The problems faced by restaurant owners and their employees because of the increasing cost of living
Over the past few years I’ve been hearing from many restaurant workers that they are having an increasingly difficult time staying in Portland, because the cost of living here is going up so quickly. Lately they have taken on a more desperate tone, saying that restaurants can’t afford to pay more, yet their rents are rising through the roof. Their point was driven home, when I received a 23.5% rent increase a few weeks ago, which has given me serious pause – my rent is now almost equal to my pension, and after a week of looking at insanely priced apartments in the Portland area, I’m changing my focus to other cities around the nation as potential places to live.
If you follow the local news, you’ve probably been seeing stories like these –
ApartmentList.com – In a list of the 10 cities with the fastest growing rents, Vancouver WA comes out on top at 9.8% in the last year. Portland comes in at number 4 at 8.4%. In Portland, the current average price for a 1 bedroom is $1,300, 2 beds $1,550.
KGW News – City data shows average Portland rents rose from $850 in 2008 to $1107 this year. The website Zillow puts the average rent much higher, at $1587. That’s up over 7 percent in a year, which is twice the national average.
So what is a retiree, disabled person, retail worker, cook, gas station attendant to do? In the past, service industry employees moved towards the suburbs.
KGW News – Think moving to the suburbs would save you from rising rents? In the Portland metro area, that’s not exactly the case. Beaverton, Hillsboro, Gladstone and Milwaukie all have average rents of around $1,500 a month.

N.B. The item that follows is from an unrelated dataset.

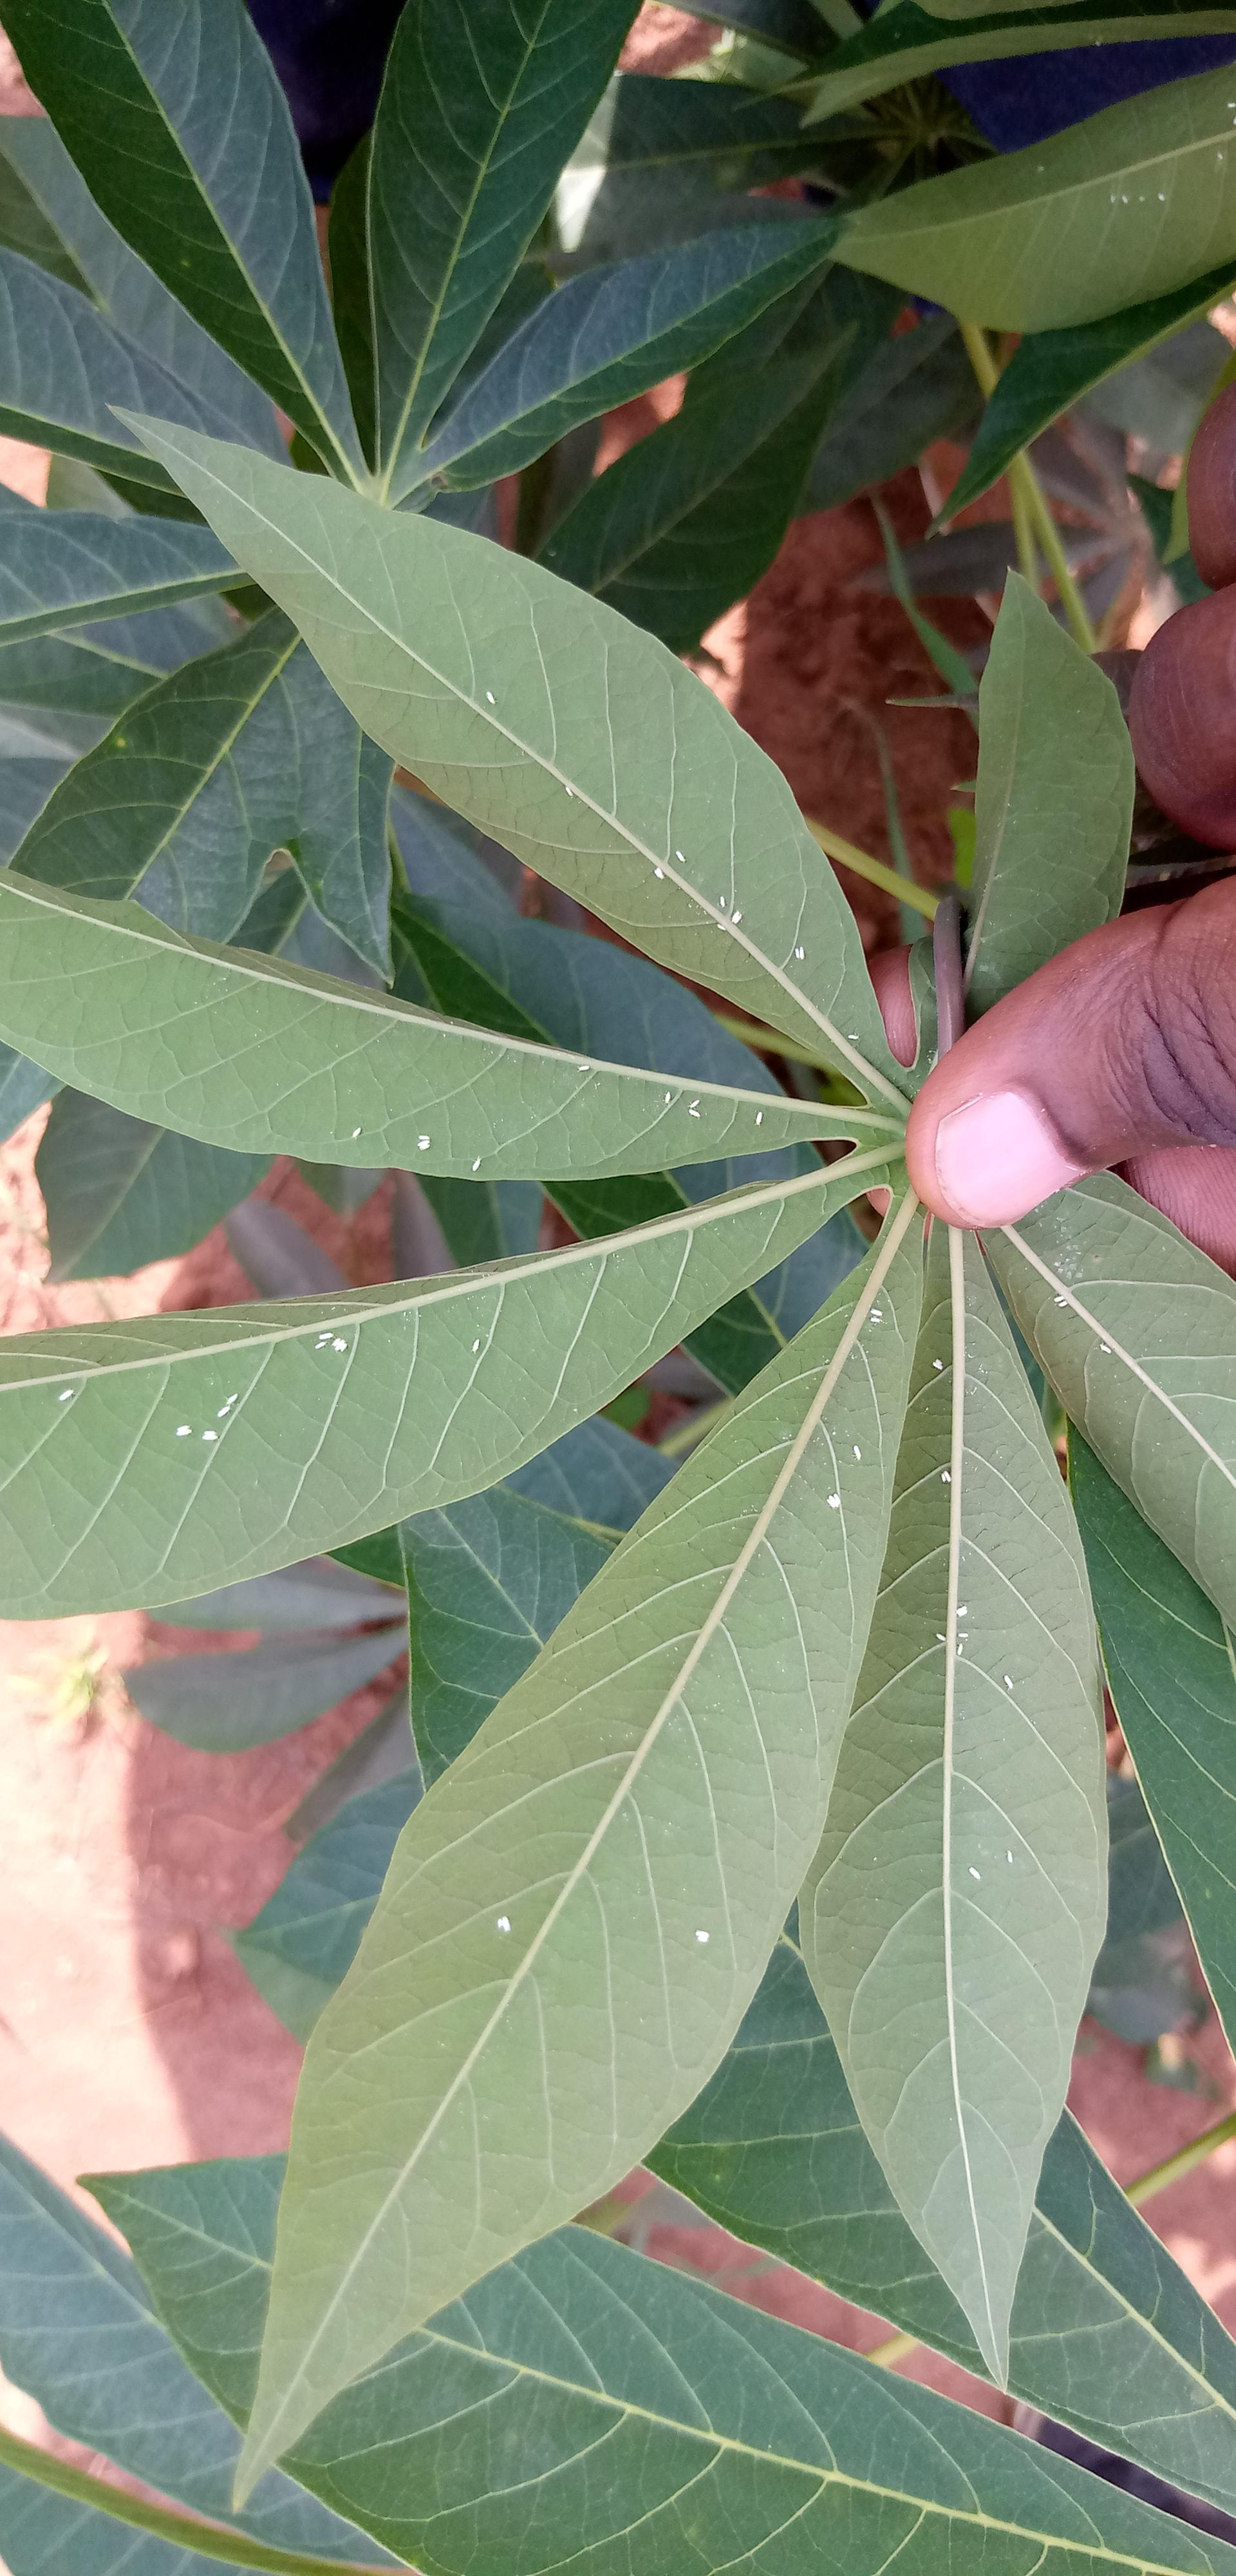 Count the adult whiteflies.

57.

It’s true; none of these cities are much cheaper than the Portland market.
Oregon House Speaker, Tina Kotek is pushing forward with a proposal to increase the minimum wage to $13 an hour by 2018; it’s now at $9.25. Quick math shows that you would have to work over 100 hours at the proposed rate to afford the current rent of the average Portland apartment. Throw in food, required insurance and other essentials and minimum wage increase aren’t really going to make much of a difference.
I was mulling all of this over in my mind when I came across this article in The Washington Post, called “The Crippling Problem Restaurant-Goers Haven’t Noticed, but Chefs are Freaking Out About”. According to the piece, restaurants are having a very difficult time finding cooks.
It’s also an issue in New York, where skilled cooks are an increasingly rare commodity. “If I had a position open in the kitchen, I might have 12 résumés, call in three or four to [try out] in the kitchen, and make a decision,” Alfred Portale, the chef and owner of Michelin-starred Manhattan restaurant Gotham Bar and Grill, told Fortune recently. “Now it’s the other way around; there’s one cook and 12 restaurants.”
…One of the clearest obstacles to hiring a good cook, let alone someone willing to work the kitchen these days, is that living in this country’s biggest cities is increasingly unaffordable. In New York, for instance, where a cook can expect to make between $10 and $12 per hour, and the median rent runs upward of $1,200 a month, living in the city is a near impossibility. As a result, people end up living far from the restaurants where they work. Add to that how late dinner shifts can end, causing people to arrive home well into the night.
The story goes on to say that if you figure the significant amounts of debt that culinary students accumulate, it is no wonder that more people aren’t jumping into the profession.
It’s not as if restaurants are cheating workers out of heaping piles of cash, either. There simply isn’t a whole lot of money circulating. The National Restaurant Association estimates that the median profit margin for mid-level establishments (those with average checks of $25 and higher) was 4.5 percent.
Add the difficult working conditions, job switching and overall burnout of most restaurant kitchens and you have a real problem.
“It’s tiny and hot, not much room to move,” Andy Ricker, the chef and owner of Pok Pok in New York told Grub Street in 2013. “You’re dehydrated, and it’s crazy busy; the floors are greasy; there’s flames and water. It’s not like being in Kitchen Stadium.”
They also point out, the steady inflow of Mexican immigrants who are some of our best cooks, has reversed itself. “By 2012, net migration to Mexico was already zero, or even negative”. The Washington Post article is well worth the time it takes to read.
It’s no wonder that restaurants are looking more and more into automation. There are lots of boring kitchen chores that can be done by electronics and robotics, and many companies are jumping into the field. It makes me wonder what the average restaurant will look like in 20 years.
I don’t see an answer to any of these issues, but they need to be considered by city leaders and our lawmakers unless they want to start tossing Twinkies into the fryolator themselves.
[In the meantime… if anyone knows of a nice, reasonably priced apartment that takes a dog, I’m looking!]